Print exactly the lines below between the line holding "text Afdeling Publiekrecht" and the line holding "picture [41, 47, 231, 172]", inclusive, and nothing more.
Data shown START
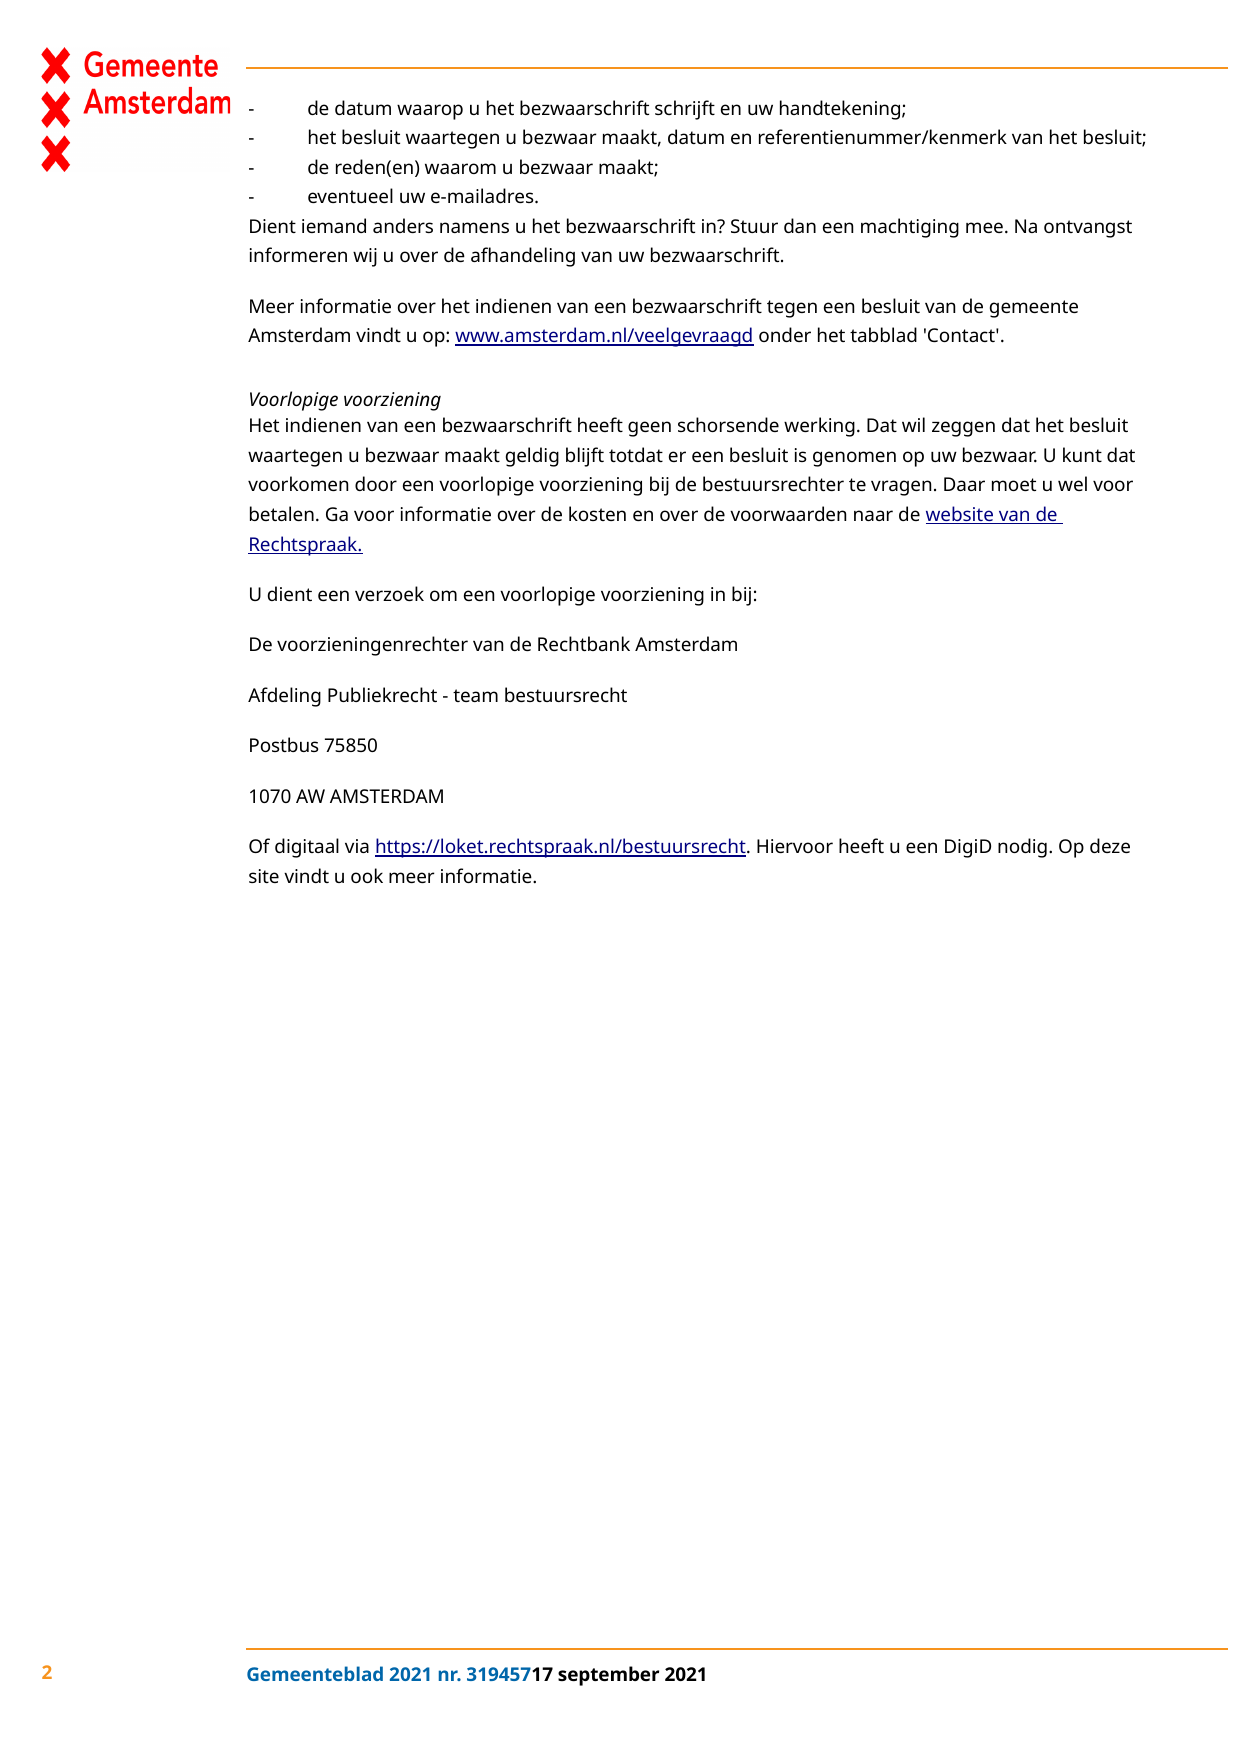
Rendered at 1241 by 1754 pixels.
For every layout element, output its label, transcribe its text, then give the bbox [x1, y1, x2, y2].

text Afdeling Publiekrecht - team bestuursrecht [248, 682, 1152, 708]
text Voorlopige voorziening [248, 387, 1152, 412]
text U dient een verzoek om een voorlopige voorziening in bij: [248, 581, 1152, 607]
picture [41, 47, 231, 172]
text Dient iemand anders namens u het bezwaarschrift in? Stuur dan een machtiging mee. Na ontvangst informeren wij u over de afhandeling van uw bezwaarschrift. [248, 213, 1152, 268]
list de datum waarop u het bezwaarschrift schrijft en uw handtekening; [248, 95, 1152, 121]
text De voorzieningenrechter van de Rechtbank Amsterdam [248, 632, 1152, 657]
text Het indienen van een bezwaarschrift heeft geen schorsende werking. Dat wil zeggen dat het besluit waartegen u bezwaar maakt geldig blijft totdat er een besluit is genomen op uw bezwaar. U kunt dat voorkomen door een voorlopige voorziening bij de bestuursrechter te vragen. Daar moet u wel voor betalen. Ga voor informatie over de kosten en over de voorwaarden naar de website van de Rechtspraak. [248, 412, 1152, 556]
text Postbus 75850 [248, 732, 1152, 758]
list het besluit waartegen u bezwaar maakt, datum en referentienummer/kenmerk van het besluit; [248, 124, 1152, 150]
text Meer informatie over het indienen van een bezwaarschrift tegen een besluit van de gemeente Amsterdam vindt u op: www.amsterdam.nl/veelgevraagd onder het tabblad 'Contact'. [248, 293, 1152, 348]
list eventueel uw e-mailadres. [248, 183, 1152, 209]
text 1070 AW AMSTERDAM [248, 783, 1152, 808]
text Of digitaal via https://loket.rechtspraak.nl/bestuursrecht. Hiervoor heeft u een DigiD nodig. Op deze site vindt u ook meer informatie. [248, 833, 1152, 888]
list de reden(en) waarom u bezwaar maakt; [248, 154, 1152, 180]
Data shown END
# Your response
text Afdeling Publiekrecht - team bestuursrecht [248, 682, 1152, 708]
text Voorlopige voorziening [248, 387, 1152, 412]
text U dient een verzoek om een voorlopige voorziening in bij: [248, 581, 1152, 607]
picture [41, 47, 231, 172]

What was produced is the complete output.